I have always wondered about Eol's thoughts, especially after he (unintentionally) killed his wife and was thrown into prison. After reading 'Of Maeglin' I realised I actually felt sorry for him, even though at first I thought he was a selfish a-hole.

As always, please review!


He was furious but brooded in silence in the darkness, where only a single shaft of starlight slanted through the narrow slit in high in the wall. Even if he'd had someone there to speak to he doubted that he would have talked. It was not his way to say much, even in anger. Most of the time. He did remember, with startling clarity, those moments in which his temper had gotten the better of him and he'd vented his anger in harsh words, almost immediately regretting them as each one tumbled from his mouth. But he had never struck her, no matter how infuriated he'd been.

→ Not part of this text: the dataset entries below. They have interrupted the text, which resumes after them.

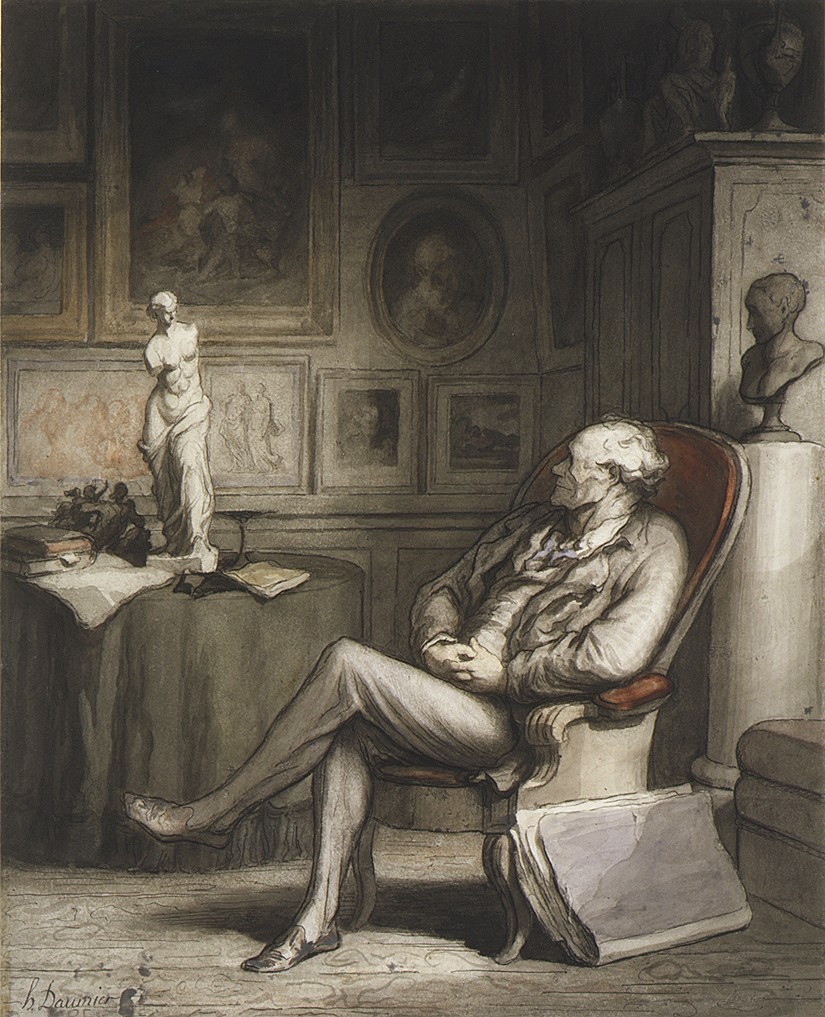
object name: drawing
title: The Connoisseur
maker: honoré daumier
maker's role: artist
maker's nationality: french
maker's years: 1808-1879
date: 1860-1865
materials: chalk, crayon, gouache, ink, watercolor, paper
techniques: lithograph, pen, wash
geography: france
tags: sculpture,interiors,contemplation,men

Now he would gladly have nailed either her or her son to a tree himself.

Once his fury had finally subsided the memories came flooding again, more to trouble him than to calm him.

His thoughts strayed back to his home deep in dark Nan Elmoth – but the dark for him there had been somewhat cheering, not like the cold darkness here that clung uncomfortably to him like wet leather. His mind ambled up the path to the door of his small house, whose windows revealed a soft light glowing inside. The fire would burning already when he arrived, but nearly always a slim white figure would be standing over it, the shadows playing about her pallid face. Sunlight he despised; but the soft light that seemed to radiate from Aredhel Ar-Feiniel he rejoiced in. He could be in the worst mood but a smile from her was enough to lay a calm on his troubled spirit.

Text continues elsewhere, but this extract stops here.